A money market account is a unique type of savings account offered by credit unions and commercial banks. Although a money market account is offered like a regular savings account, the primary difference between the two saving strategies is that money markets are attached with higher interest payments and require a higher minimum balance to avoid monethly fees. Additionally, the typical money market account will only allow an individual or entity to withdraw monies from the account 3 to 6 times per month.
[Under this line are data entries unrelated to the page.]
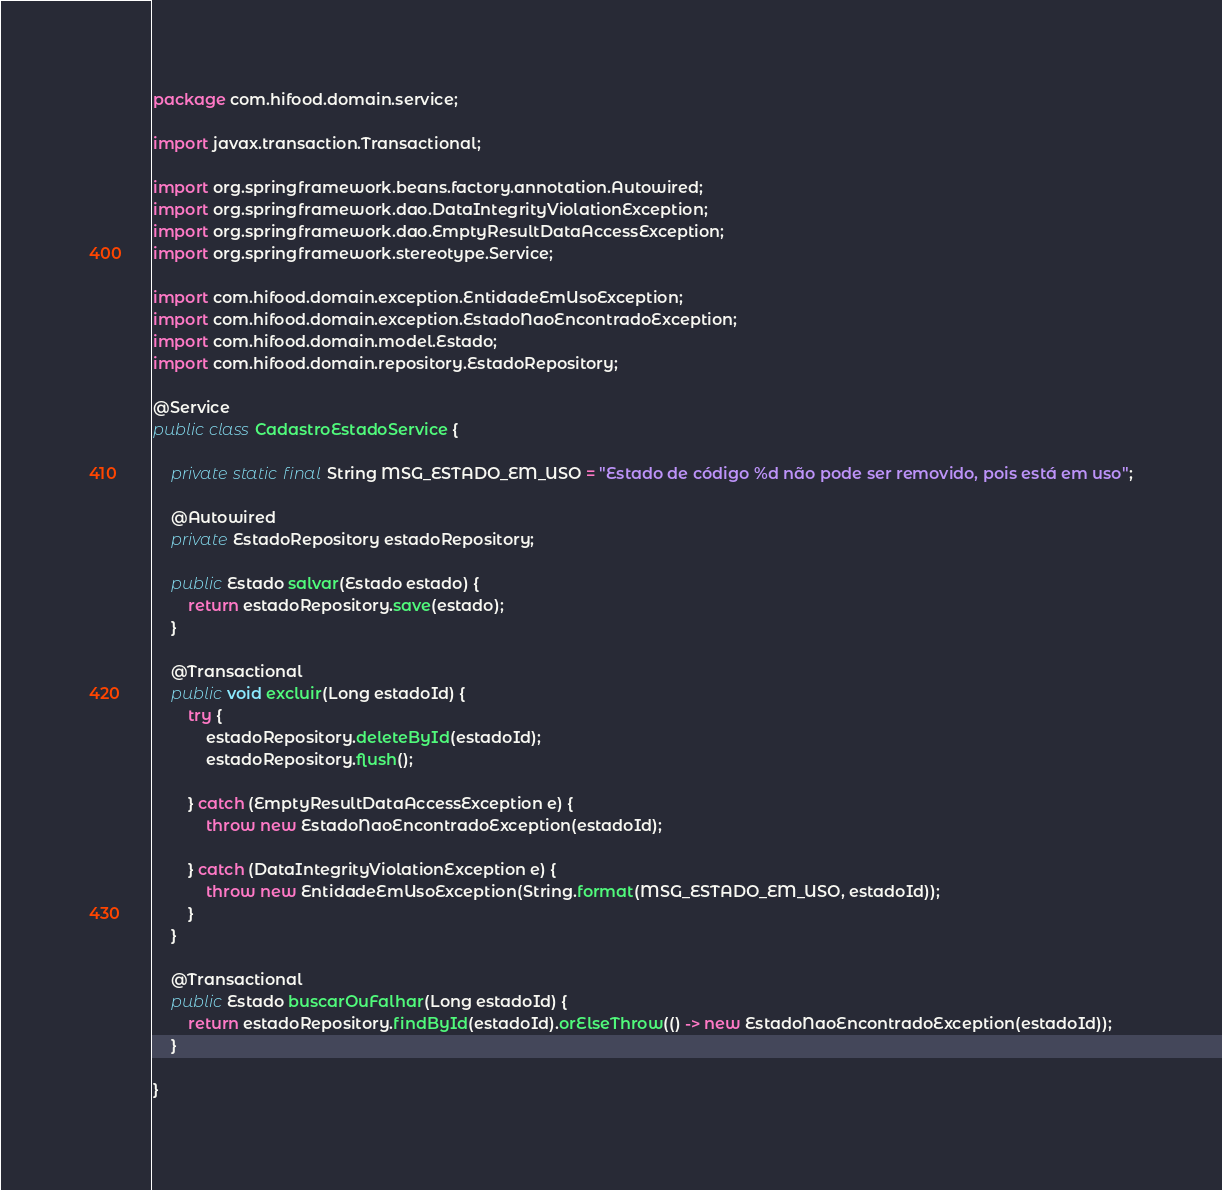<code> <loc_0><loc_0><loc_500><loc_500><_Java_>package com.hifood.domain.service;

import javax.transaction.Transactional;

import org.springframework.beans.factory.annotation.Autowired;
import org.springframework.dao.DataIntegrityViolationException;
import org.springframework.dao.EmptyResultDataAccessException;
import org.springframework.stereotype.Service;

import com.hifood.domain.exception.EntidadeEmUsoException;
import com.hifood.domain.exception.EstadoNaoEncontradoException;
import com.hifood.domain.model.Estado;
import com.hifood.domain.repository.EstadoRepository;

@Service
public class CadastroEstadoService {

    private static final String MSG_ESTADO_EM_USO = "Estado de código %d não pode ser removido, pois está em uso";

    @Autowired
    private EstadoRepository estadoRepository;

    public Estado salvar(Estado estado) {
        return estadoRepository.save(estado);
    }

    @Transactional
    public void excluir(Long estadoId) {
        try {
            estadoRepository.deleteById(estadoId);
            estadoRepository.flush();

        } catch (EmptyResultDataAccessException e) {
            throw new EstadoNaoEncontradoException(estadoId);

        } catch (DataIntegrityViolationException e) {
            throw new EntidadeEmUsoException(String.format(MSG_ESTADO_EM_USO, estadoId));
        }
    }

    @Transactional
    public Estado buscarOuFalhar(Long estadoId) {
        return estadoRepository.findById(estadoId).orElseThrow(() -> new EstadoNaoEncontradoException(estadoId));
    }

}
</code> 
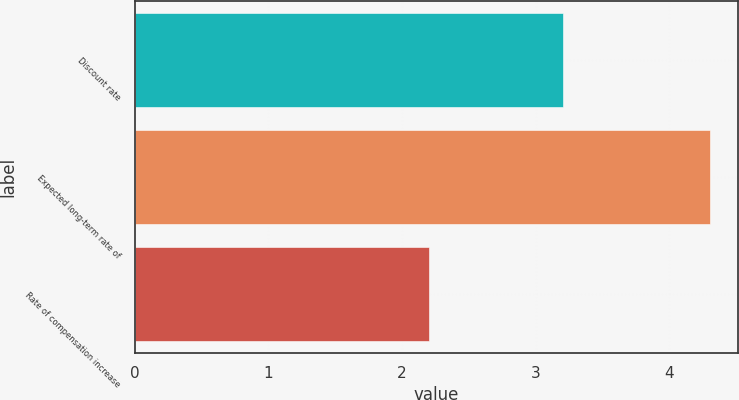Convert chart to OTSL. <chart><loc_0><loc_0><loc_500><loc_500><bar_chart><fcel>Discount rate<fcel>Expected long-term rate of<fcel>Rate of compensation increase<nl><fcel>3.2<fcel>4.3<fcel>2.2<nl></chart>

Another difference between a money market account and a typical savings account is that, similar to a checking account, the majority of money market accounts enable the investor or saver to write up to three checks per month. The checks issued, will debit monies directly from the money market account similar to a typical checking account.
Similar to bank accounts, the monies kept in a money market account are insured by the Federal Deposit Insurance Corporation (the FDIC). This insurance policy offers protection to the investor even if the underlying bank or credit union goes bankrupt or insolvent.

What does a Bank or Credit Union do with your Money?

Money market accounts are deposit accounts offered by banks or credit unions. The money kept by a bank account or credit union is then subsequently invested in corporate and government securities. In turn, the money market account and the coordinating bank or credit union will pay the depositor interest according to the current interest rates in the money markets.

How is a Money Market Account Legally Viewed?
Similar to a Negotiable Order of Withdrawal Account, a money market account is structured in accordance with Regulation Q, which forbids paying interest on generic checking accounts. As a result, money market accounts bear interest, and enable the depositor to write checks; however, due to various restrictions, money market accounts are not legally viewed as checking accounts.
Since a money market account is not viewed as a transaction account, the investment option is subject to the regulations on saving accounts, primarily the restriction that impedes a depositor from accessing more than 6 withdrawals to third parties per month. Banks or credit unions will discourage depositors from exceeding such limits by imposing high fees or by closing their accounts.

What is the FDIC?
The FDIC is an independent agency of the United States Federal Government that was created in 1933 as a result of the multitude of bank failures due to the economic boom of the 1920s and the subsequent collapse of the economy during the Great Depression. Since the FDIC’s creation, not a single person has lost money by keeping their money in a bank or credit union that was insured by the FDIC.
The monies kept in a money market account with a credit union are insured by the National Credit Union Administration.